Jenderal bintang satu itu menurut Kadiv Humas Polri Irjen Argo Yuwono diancam dengan minimal tiga pasal. Tak ada pasal gratifikasi di dalamnya yang bisa jadi motif di balik aksi Prasetijo melayani Djoko Soegianto Tjandra .

“Kemarin tanggal 20 Juli, kasus tersebut naik penyidikan dengan dugaan Pasal 263 KUHP (tentang pemalsuan surat) , Pasal 426 KUHP (membiarkan orang yang dirampas kemerdekaannya melarikan diri), atau Pasal 221 KUHP (menyembunyikan orang yang melakukan kejahatan),” kata Kadiv Humas Polri Irjen Argo Yuwono di Mabes Polri, Selasa kemarin (21/7/2020).

Lalu bagaimana ancaman ketiga pasal itu? Ternyata ancaman hukuman kurungan untuk ketiga pasal itu relatif rendah.

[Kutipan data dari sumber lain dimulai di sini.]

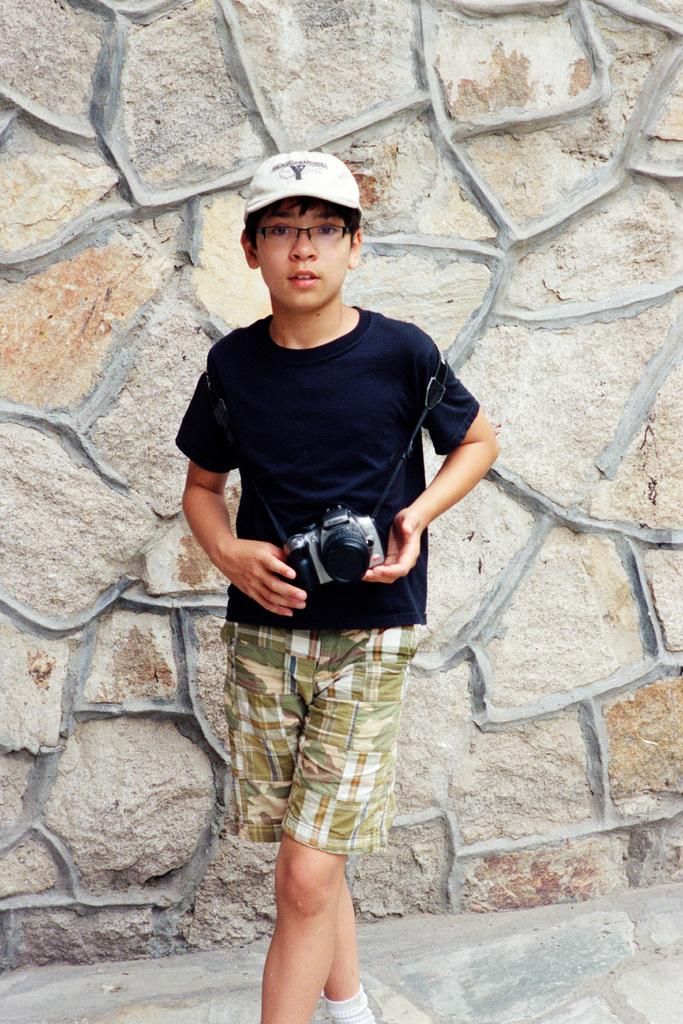What is the person in the image doing? The person in the image is holding a camera in their hands. What is the person wearing? The person is wearing a black t-shirt and green-colored shorts. What can be seen in the background of the image? There are stones visible in the background of the image. What type of birthday celebration is happening in the image? There is no indication of a birthday celebration in the image. How many sticks can be seen in the person's hand in the image? The person is not holding any sticks in the image; they are holding a camera. 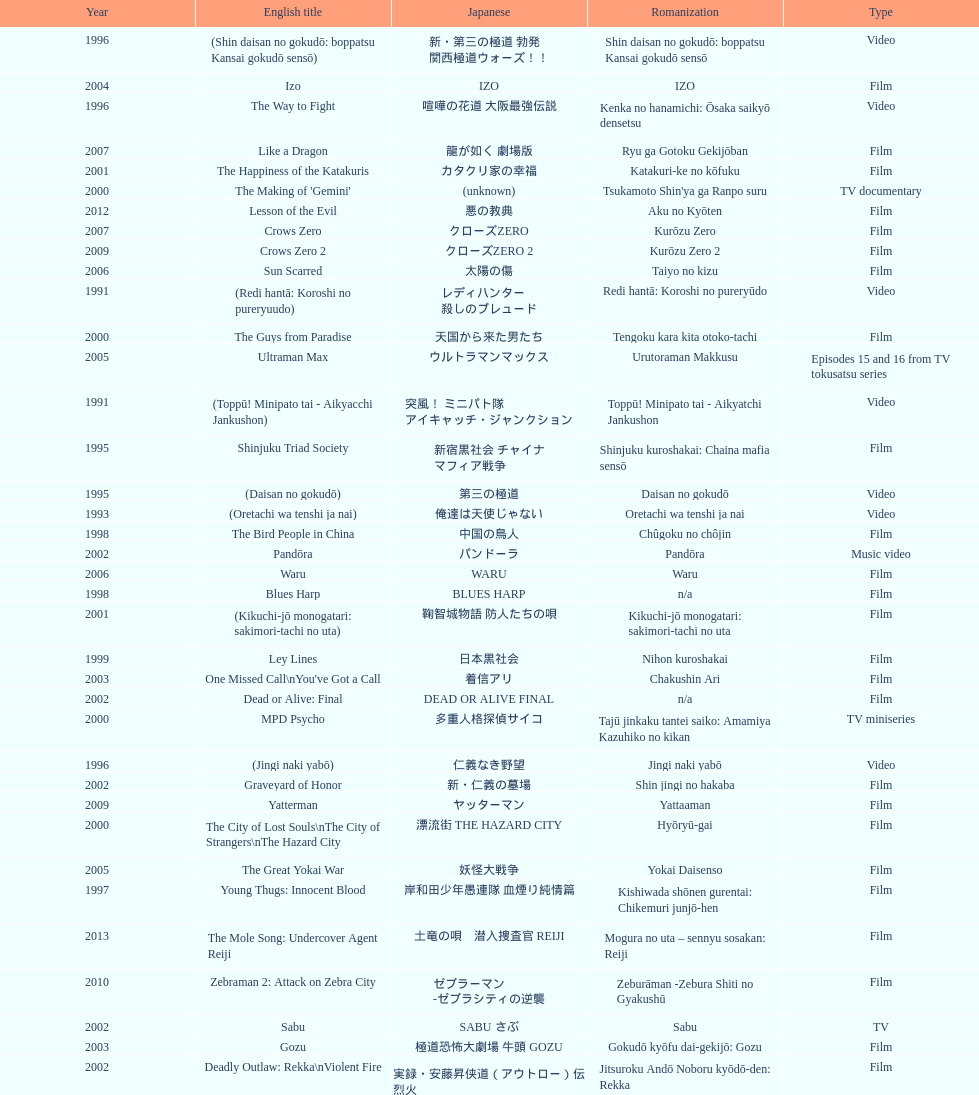Were more air on tv or video? Video.

Setelah dicek pasal 263 KUHP diancam 6 tahun penjara, Pasal 426 KUHP 4 tahun, dan Pasal 221 KUHP bahkan hanya 9 bulan.

Seperti diberitakan, Djoko pergi setelah sukses “mengobrak-abrik” dan meninggalkan noda hitam bagi Polri.

Bayangkan saja dicari sejak 2019 oleh Kejaksaan Agung namun Djoko dengan leluasa masuk ke Indonesia, mengurus KTP-Paspor, dan mendapatkan dua surat sakti dari Prasetijo.

Yang lebih menyakitkan, sekaligus memalukan, Djoko mendapat karpet merah itu karena ‘sponsor’ dari Prasetijo. Lulusan Akpol 91 itu yang berada didua surat sakti untuk lelaki berusia 69 tahun yang licin bak belut itu.